Characterization of Chitosan Extracted from Fish Scales of the Colombian Endemic Species Prochilodus magdalenae as a Novel Source for Antibacterial Starch-Based Films

Abstract

Scales of Prochilodus magdalenae, a Colombian endemic fish species, were used to obtain chitosan for application as an antibacterial agent integrated into starch-based films. Analysis of its composition during the demineralization and deproteinization process indicated that minerals and protein were both removed successfully. At this point, mild conditions for the deacetylation process were employed, namely, 2, 4, and 6 wt.% NaOH at room temperature for 16 h. Chitosan processed under 2 wt.% NaOH had low molecular weight, with the lowest value of 107.18 ± 24.99 kDa, which was closely related to its antibacterial activity. Finally, this chitosan was integrated into a banana starch-based film, and its antibacterial activity was assayed in Escherichia coli and Staphylococcus aureus cultures, with positive results in the former culture, especially due to the low-molecular-weight characteristic of chitosan.

1. Introduction

Chitosan is a derivative of chitin, which is one of the three most important and abundant polysaccharides on the planet, together with cellulose and starch [1,2]. Chitin is a structural polysaccharide similar to white, inelastic, and nitrogenous cellulose consisting of 2-acetamido-2 deoxy β-D-glucose linked together by β-1,4 linkages conventionally extracted from insects, fungi, annelids, mollusks, and crustaceans, although industrial production occurs particularly from shrimp and crab crustaceans [2,3,4].

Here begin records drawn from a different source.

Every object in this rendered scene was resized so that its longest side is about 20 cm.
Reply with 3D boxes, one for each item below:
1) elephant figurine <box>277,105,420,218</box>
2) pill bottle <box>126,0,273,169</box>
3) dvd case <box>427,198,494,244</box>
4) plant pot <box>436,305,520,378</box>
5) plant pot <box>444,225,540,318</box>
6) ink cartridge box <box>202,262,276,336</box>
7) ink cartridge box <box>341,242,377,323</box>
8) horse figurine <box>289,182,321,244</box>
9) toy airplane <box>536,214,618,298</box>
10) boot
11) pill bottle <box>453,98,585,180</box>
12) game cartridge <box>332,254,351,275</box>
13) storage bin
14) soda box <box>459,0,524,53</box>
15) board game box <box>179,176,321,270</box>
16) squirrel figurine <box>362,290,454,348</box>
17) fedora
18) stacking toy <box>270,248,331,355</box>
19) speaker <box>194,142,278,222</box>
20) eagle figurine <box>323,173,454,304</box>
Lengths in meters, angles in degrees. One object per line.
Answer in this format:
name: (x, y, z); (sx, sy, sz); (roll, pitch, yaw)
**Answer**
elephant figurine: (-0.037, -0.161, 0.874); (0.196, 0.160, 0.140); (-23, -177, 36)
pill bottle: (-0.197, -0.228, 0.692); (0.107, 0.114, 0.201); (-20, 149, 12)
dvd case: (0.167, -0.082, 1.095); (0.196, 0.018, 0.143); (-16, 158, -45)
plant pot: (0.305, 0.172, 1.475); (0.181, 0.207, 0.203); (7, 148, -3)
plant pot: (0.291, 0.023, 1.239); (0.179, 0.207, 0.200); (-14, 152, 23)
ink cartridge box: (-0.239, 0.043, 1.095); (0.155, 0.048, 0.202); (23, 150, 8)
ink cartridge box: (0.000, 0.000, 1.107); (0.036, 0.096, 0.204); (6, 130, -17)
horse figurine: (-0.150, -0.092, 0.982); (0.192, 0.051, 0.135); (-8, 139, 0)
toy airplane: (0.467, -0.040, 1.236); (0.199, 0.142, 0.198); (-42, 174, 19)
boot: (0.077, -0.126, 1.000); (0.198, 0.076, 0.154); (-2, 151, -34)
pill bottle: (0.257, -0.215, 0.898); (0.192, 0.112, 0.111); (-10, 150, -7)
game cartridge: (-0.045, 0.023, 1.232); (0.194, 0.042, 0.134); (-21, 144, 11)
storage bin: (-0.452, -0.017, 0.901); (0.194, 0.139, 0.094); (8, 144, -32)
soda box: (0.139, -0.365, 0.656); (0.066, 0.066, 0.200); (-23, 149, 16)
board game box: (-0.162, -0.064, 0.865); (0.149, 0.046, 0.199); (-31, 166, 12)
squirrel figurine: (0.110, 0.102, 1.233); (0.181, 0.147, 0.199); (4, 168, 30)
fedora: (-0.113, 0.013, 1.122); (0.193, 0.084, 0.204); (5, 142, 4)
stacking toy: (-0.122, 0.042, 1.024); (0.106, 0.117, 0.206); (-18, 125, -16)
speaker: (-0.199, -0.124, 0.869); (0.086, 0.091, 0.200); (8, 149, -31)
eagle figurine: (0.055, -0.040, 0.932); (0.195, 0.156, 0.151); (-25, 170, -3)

As mentioned above, chitosan can be obtained from different natural sources, including fish scales, which are composed mainly of collagen and carbonates/hydroxyapatite [5], and minimally explored components such as chitin, which can be converted into chitosan [6]. Fish scales can be used in many applications such as filling material for paper [7], biomass for energy generation [5], or removing heavy metals [8]. However, fish scales are discarded because they are considered waste produced on a large scale, constituting 1 wt.% of whole weight in fish, which makes it one of the major sources of contamination in riverine regions in many parts of the world [9]. P. magdalenae, commonly called “bocachico” in Colombia, is an endemic species grown naturally mainly in the Magdalena River and Cauca River and can be used as a source to obtain scales to extract chitosan. “Bocachico” is highly commercialized informally by street vendors, as exhibited in Figure 1, because it constitutes an important food source for riverine populations [10,11]. Likewise, the importance of using local sources to obtain chitosan is due to the significant effect on its properties such as solubility, reactivity, affinity for solvents, and swelling [3].

Chitosan is a nontoxic, biocompatible, biodegradable and polyelectrolyte material that inhibits the growth of a wide variety of fungi, bacteria, and yeasts, which has allowed it to have applications in different areas such as cosmetics, agriculture, food, biomedicals, textiles [12,13]. It also has been used for the removal of emerging pollutants such as antibiotics [14] and as a flocculant for treatment of wastewater [15]. Additionally, it is considered generally recognized as safe (GRAS) [16], which has allowed applications through combination with other polymers such as starch for the development of biodegradable packaging for food [13]. The antimicrobial activity of chitosan depends on various conditions such as the pH, type of microorganism, pKa, and degree of deacetylation, among others [13]; however, chitosan is an alternative as a natural preservative against food spoilation by microorganisms [17], replacing conventional preservatives such as potassium sorbate or sodium benzoate [18].

Therefore, this paper proposes a protocol to extract chitosan from highly polluting riverbanks, such as that from the scales of Prochilodus magdalenae, an endemic species in Colombia, as a novel source for this material and to characterize its use as a possible antimicrobial agent integrated into starch-based films, with a high potential to produce biodegradable food packaging.

2. Materials and Methods

2.1. Feedstock and Reagents

P. magdalenae scales were collected in the fish market square of Plato, Magdalena-Colombia, after the flaking process by artisanal fishermen of the city. Then, the scales were washed with plenty of tap water to clean organic debris and were stored at −20 °C until reaching the required quantity. Once the collection was completed, the scales were sent to Medellin, Colombia, to be processed, and chitosan was obtained.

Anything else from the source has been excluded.